Category theory without categories

(Following is an attempt to capture some of my thoughts following an interesting student discussion.  I think I mostly failed during that discussion, but it was fun.)

How do we know when two sets X and Y have the same “size”?  The layman answer is, “When they both have the same number of elements,” or even better, “When we can ‘pair up’ elements from X and Y, with each element a part of exactly one pair.”

The mathematician formalizes this idea as a bijection, that is, a function f:X \rightarrow Y that is both:

  • Injective, or “one-to-one”: if f(x_1)=f(x_2), then x_1 = x_2.  Intuitively, distinct elements of X map to distinct elements of Y.
  • Surjective, or “onto”: for every element y \in Y, there exists some x \in X such that f(x)=y.  Intuitively, we “cover” all of Y.

Bijections are handy tools in combinatorics, since they provide a way to count elements in Y, which might be difficult to do directly, by instead counting elements in X, which might be easier.

So far, so good.  Now suppose that a student asks why injectivity and surjectivity are the critical properties of functions that “pair up” elements of two sets?

This question struck a chord with me, because I remember struggling with it myself while learning introductory algebra.  The ideas behind these two properties seemed vaguely “dual” to me, but the structure of the actual definitions looked very different.  (I remember thinking that, if anything, the properties that most closely “paired” with one another were injective and well-defined (i.e., if x_1 = x_2, then f(x_1)=f(x_2); compare this with the above definition of an injection).  Granted, well-definedness might seem obvious most of the time, but sometimes an object can have many names.)

One way to answer such a question is to provide alternative definitions for these properties, that are equivalent to the originals, but where that elegance of duality is more explicit:

  • A function f:X \rightarrow Y is injective if and only if, for all functions g,h:W \rightarrow X, f \circ g = f \circ h implies g=h.
  • A function f:X \rightarrow Y is surjective if and only if, for all functions g,h:Y \rightarrow Z, g \circ f = h \circ f implies g=h.

It’s a great exercise to show that these new definitions are indeed equivalent to the earlier ones.  But if that’s the case, and if these are more pleasing to look at, then why don’t we always use/teach them instead?

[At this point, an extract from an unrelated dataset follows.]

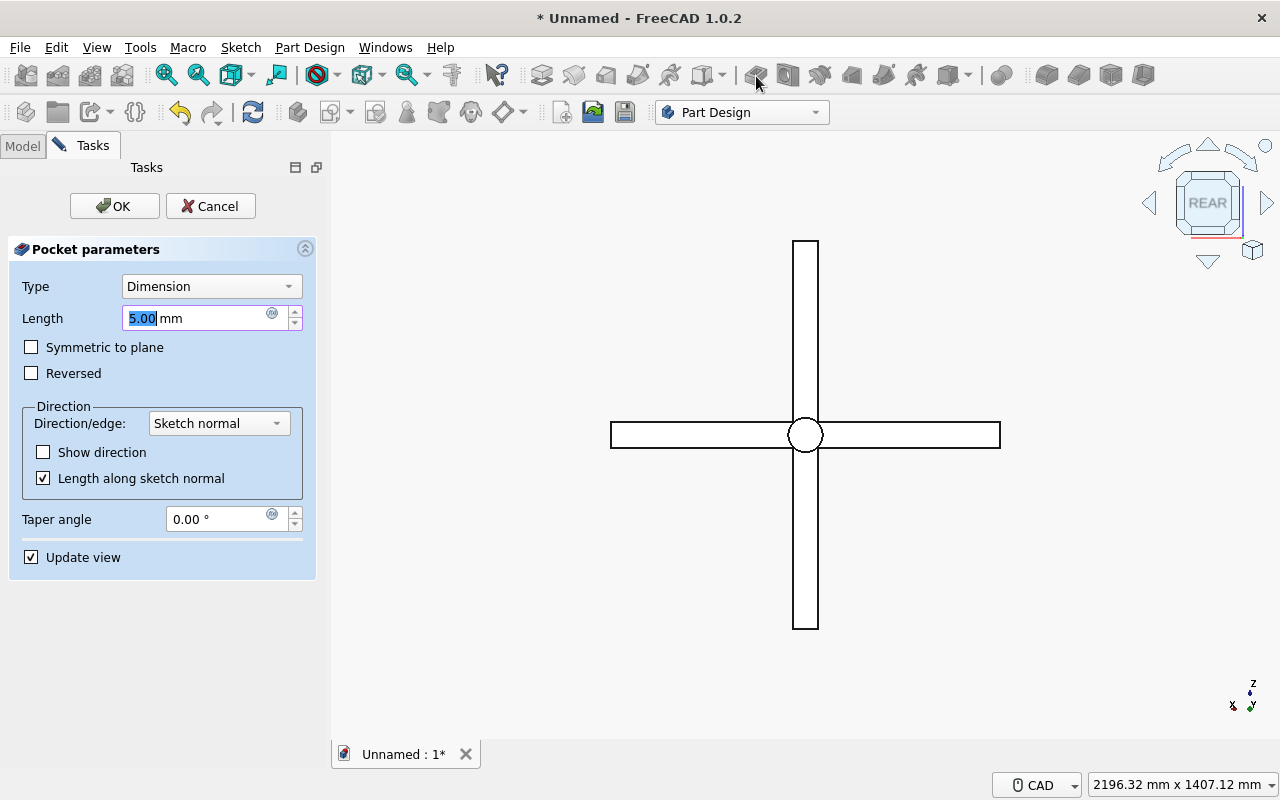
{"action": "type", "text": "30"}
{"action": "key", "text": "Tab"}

I think there are at least two practical explanations for this.  First, these definitions are inconvenient.  That is, to use them to show that f:X \rightarrow Y is a bijection, we end up having to drag a third (and fourth) arbitrary hypothetical set W (and Z) into the mix, with corresponding arbitrary hypothetical functions to compose with f.  With the usual definitions, we can focus all of our attention solely on the two sets under consideration.

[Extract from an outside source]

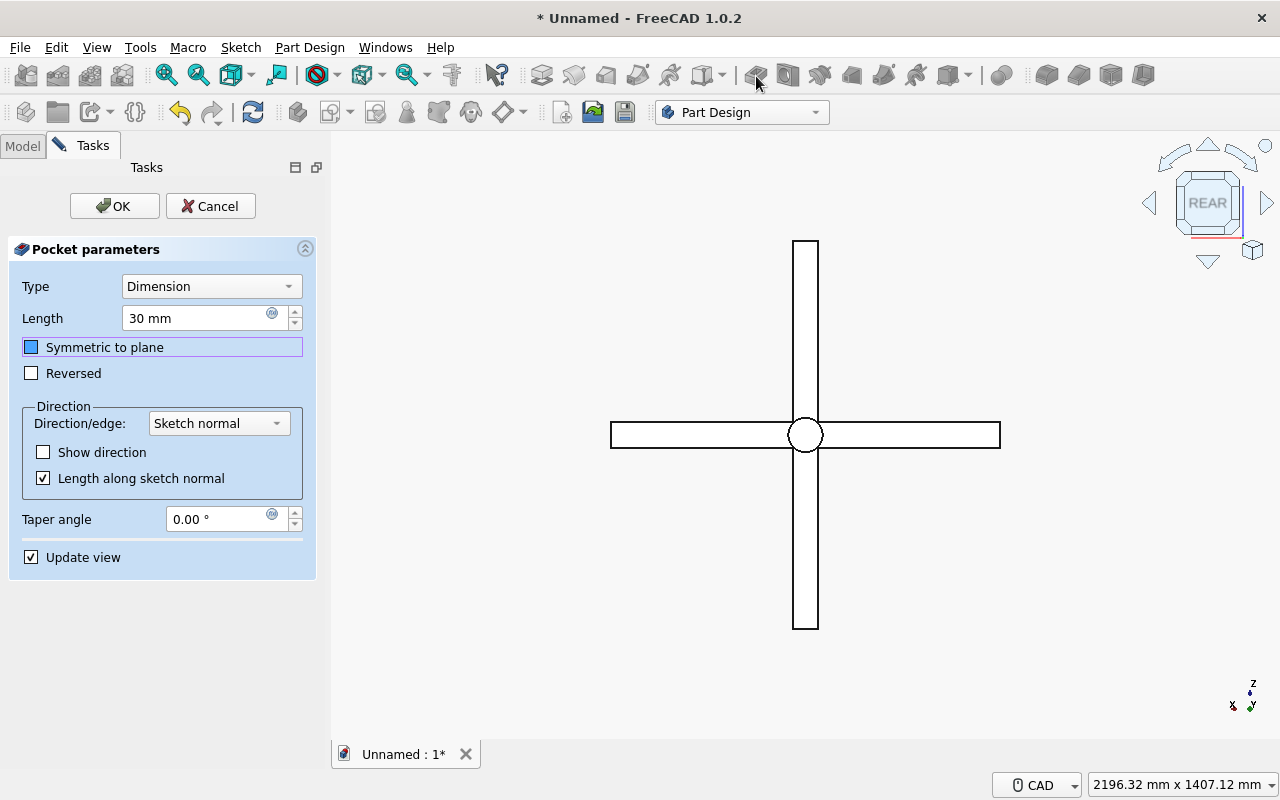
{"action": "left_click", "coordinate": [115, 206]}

Second, these new definitions can be dangerous.  Often the function f we are trying to show is a bijection preserves some useful structural relationship between the sets X and Y (e.g., f may be a homomorphism)… but to use the new definitions, we must consider all possible additional functions g,h, not just that restricted class of functions that behaves similarly to f.  We have strayed into category theory, where monomorphisms and epimorphisms generalize the notions of injections and surjections, respectively.  I say “generalize,” because although for sets, these definitions are equivalent, in other categories (rings, for example), things get more complicated, where a monomorphism may not be injective, or (more frequently) an epimorphism may not be surjective.